Data: 2006-07-05 18:14:37
Temat: Re: Problem dyskryminacji osób niepełnosprawnych na rynku pracy . dyrektywy Unii Europejskiej
Od: "Zbigniew Andrzej Gintowt" <z...@w...pl>
Pokaż wszystkie nagłówki
Użytkownik "Adam Pietrasiewicz" <a...@p...com> napisał w wiadomości
news:YNCGBC01072006102605.nqcvrg@cbyobk.pbz...
.............
> Oj widzę że cięty Pan na mnie... Oj cięty.
-------------
Bogać tam, panie Adamie. Żadnej ciętości wobec Pana nie deklaruję, jednak
lansowanych przez Pana na Grupie haseł albo nie akceptuję, albo nie zgadzam
się, jeśli przedtem nie wyartykułuje się zastrzeżeń do nich. Moim zdaniem
nie da się bez zastrzeżeń lansować stwierdzeń, że a) kalectwo to tylko
urojenie zagnieżdżone w głowach osób niepełnosprawnych. Odnoszę wrażenie, że
od momentu, od którego pogorszyły się Panu warunki przemieszczania się,
pogląd ten lansuje Pan jakby rzadziej, b) osoby niepełnosprawne miast
włączać się aktywnie do działalności zapewniającej im dochód stawiają
żądania przyznania im rent, zasiłków i różnorakich przywilejów.

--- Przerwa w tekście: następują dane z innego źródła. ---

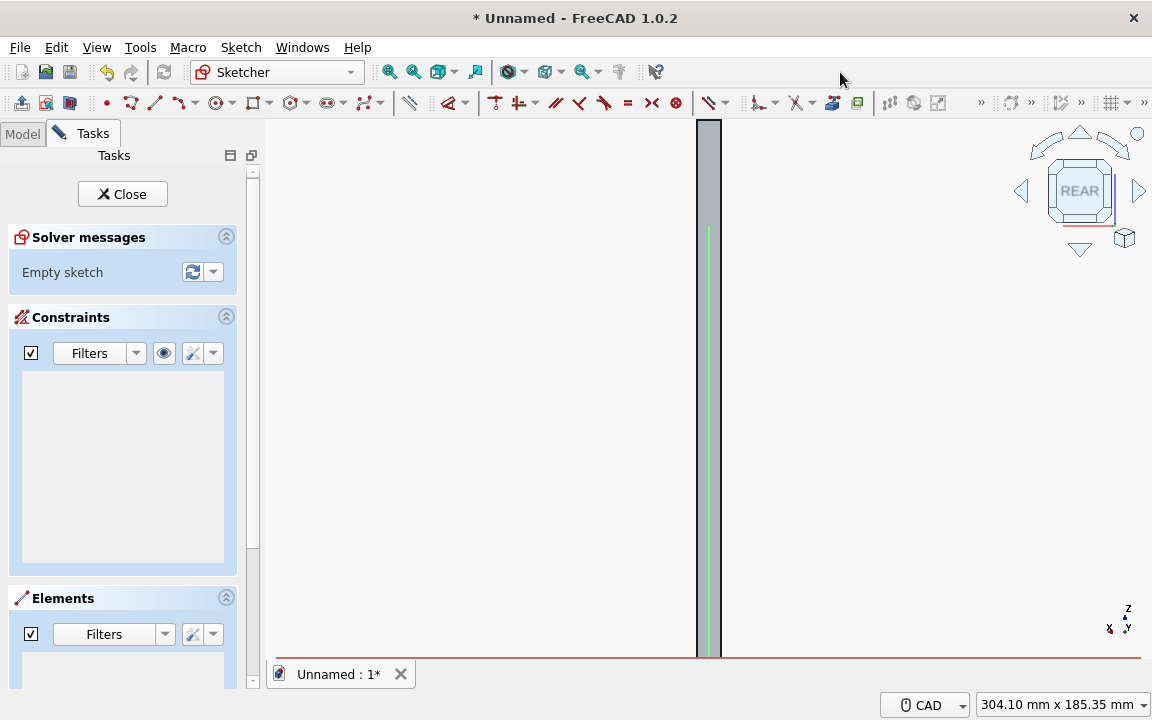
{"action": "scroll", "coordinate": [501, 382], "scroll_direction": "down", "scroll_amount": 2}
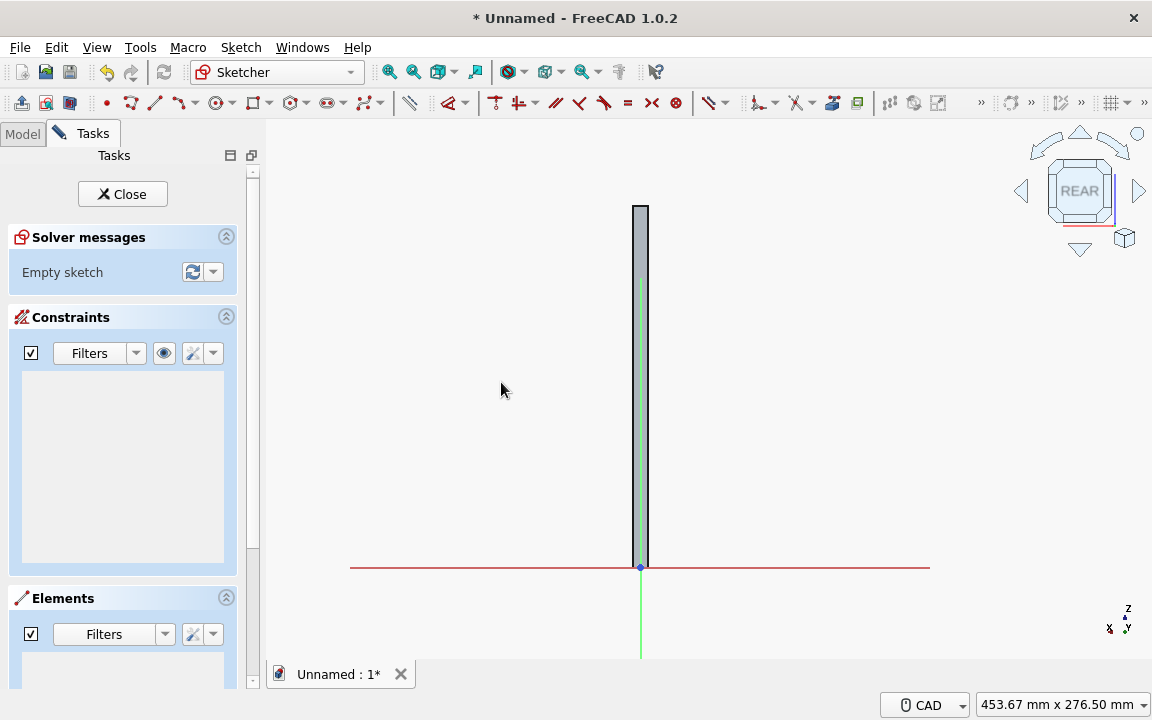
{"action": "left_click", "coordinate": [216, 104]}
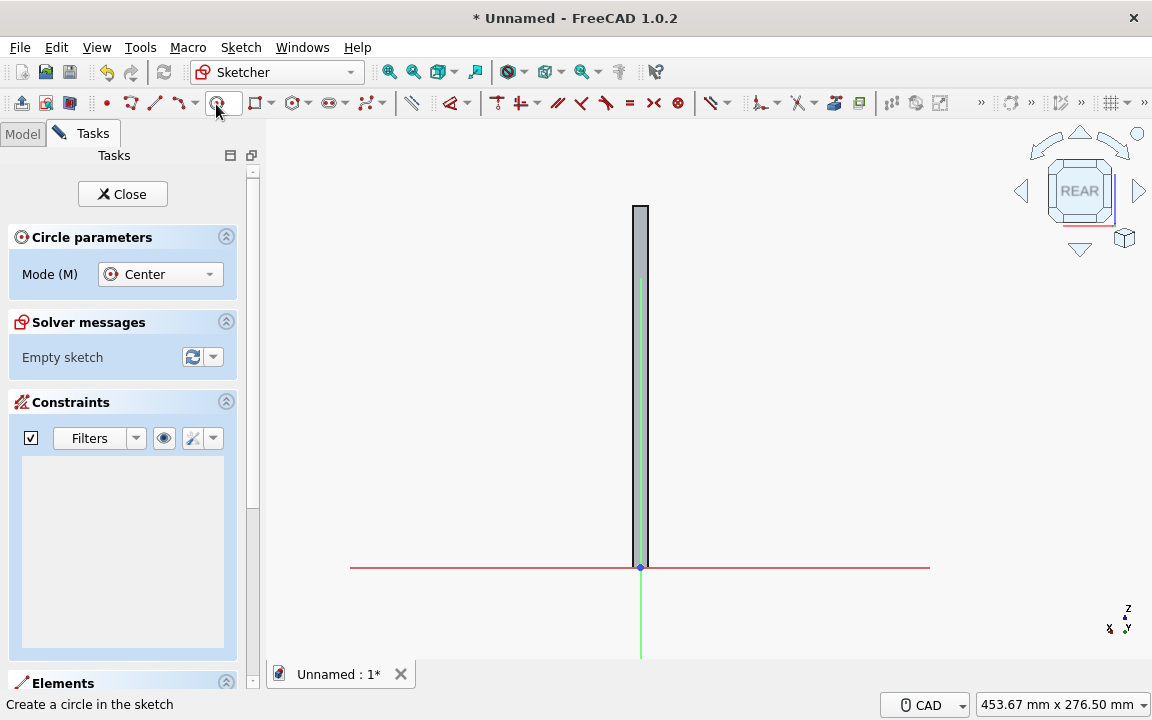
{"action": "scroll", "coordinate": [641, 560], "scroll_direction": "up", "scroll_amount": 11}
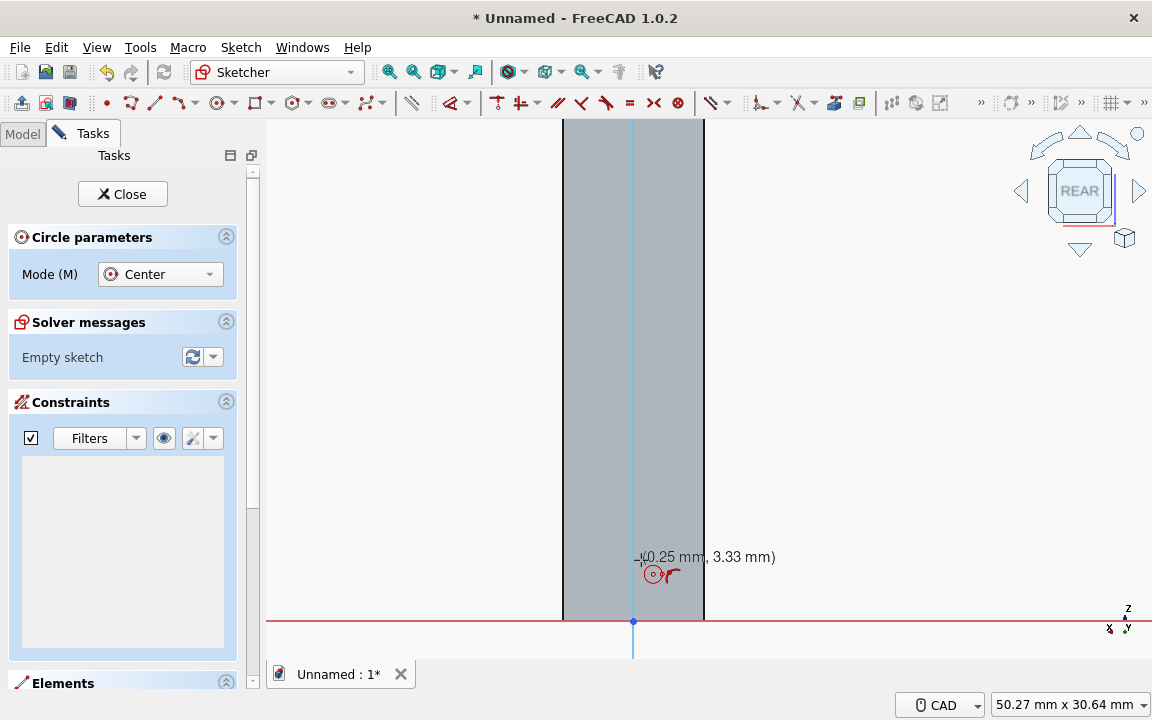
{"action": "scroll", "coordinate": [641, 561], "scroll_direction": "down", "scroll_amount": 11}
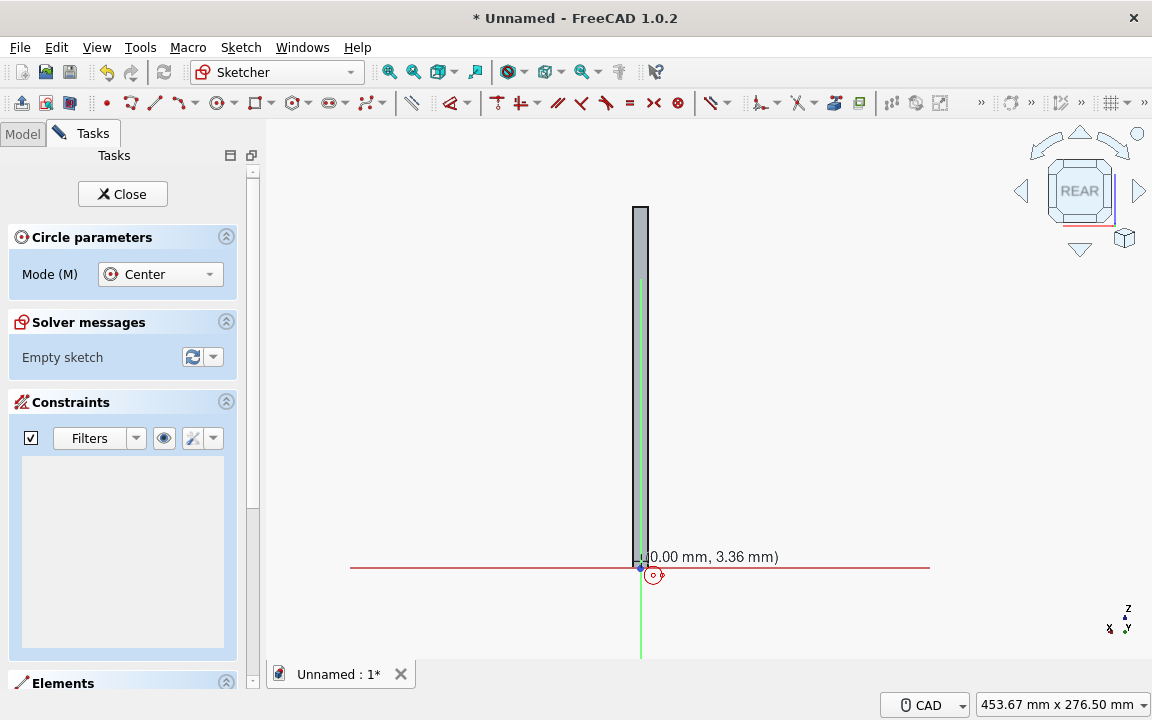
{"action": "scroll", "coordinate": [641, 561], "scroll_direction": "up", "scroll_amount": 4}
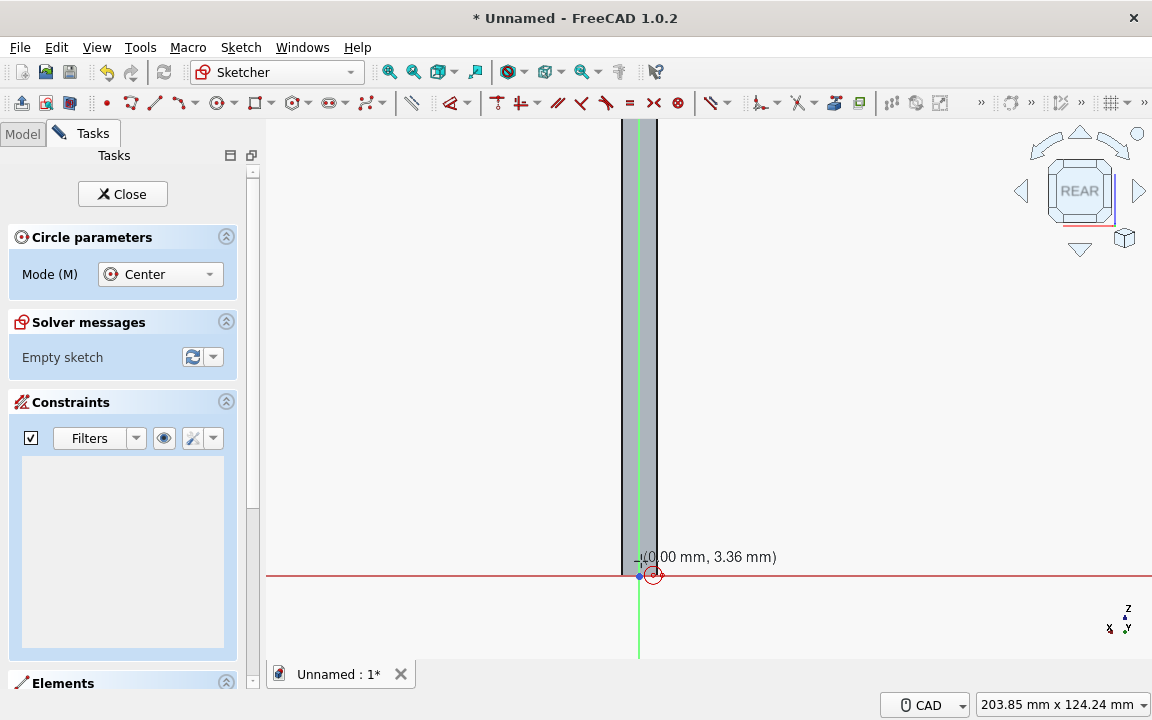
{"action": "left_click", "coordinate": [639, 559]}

Akurat w tym wątku, gdzieś tam, objaśnił Pan, że nie dotyczy to wszystkich,
ale tych którzy mogą, ale im się nie chce bo są leniwi.
Nie chcę się nad tym szeroko rozwodzić, bo niektórzy zabierający głos w tym
wątku już to zauważyli i wyartykułowali. Jeśli przytoczę parę argumentów, to
nie z myślą o przekonaniu Pana (jest Pan osobą inteligentną, wyrażającą
silnie ugruntowane poglądy, a ja nie mam ambicji wpływania na zmianę
czyichkolwiek poglądów) ale o tych, którzy mogą ten post czytać, a nie mają
odwagi wypowiadać się.
Proszę spróbować przekonać człowieka dotkniętego SMA, którego stan zdrowia
progresywnie ulega pogorszeniu, że demonstruje on przywary opisane wyżej w
punktach a i b. Podobnych przykładów można byłoby podać dużo więcej, tylko
po co?
Pomoc ludziom dotkniętym przez los udzielana przez państwo które
redystrybuuje wpływy od obywateli - podatników jest powszechnie akceptowaną
zasadą, bo każdy człowiek jest potencjalnie zagrożony i z pozycji
wspomagającego może łatwo znaleźć się w sytuacji potrzebującego pomocy.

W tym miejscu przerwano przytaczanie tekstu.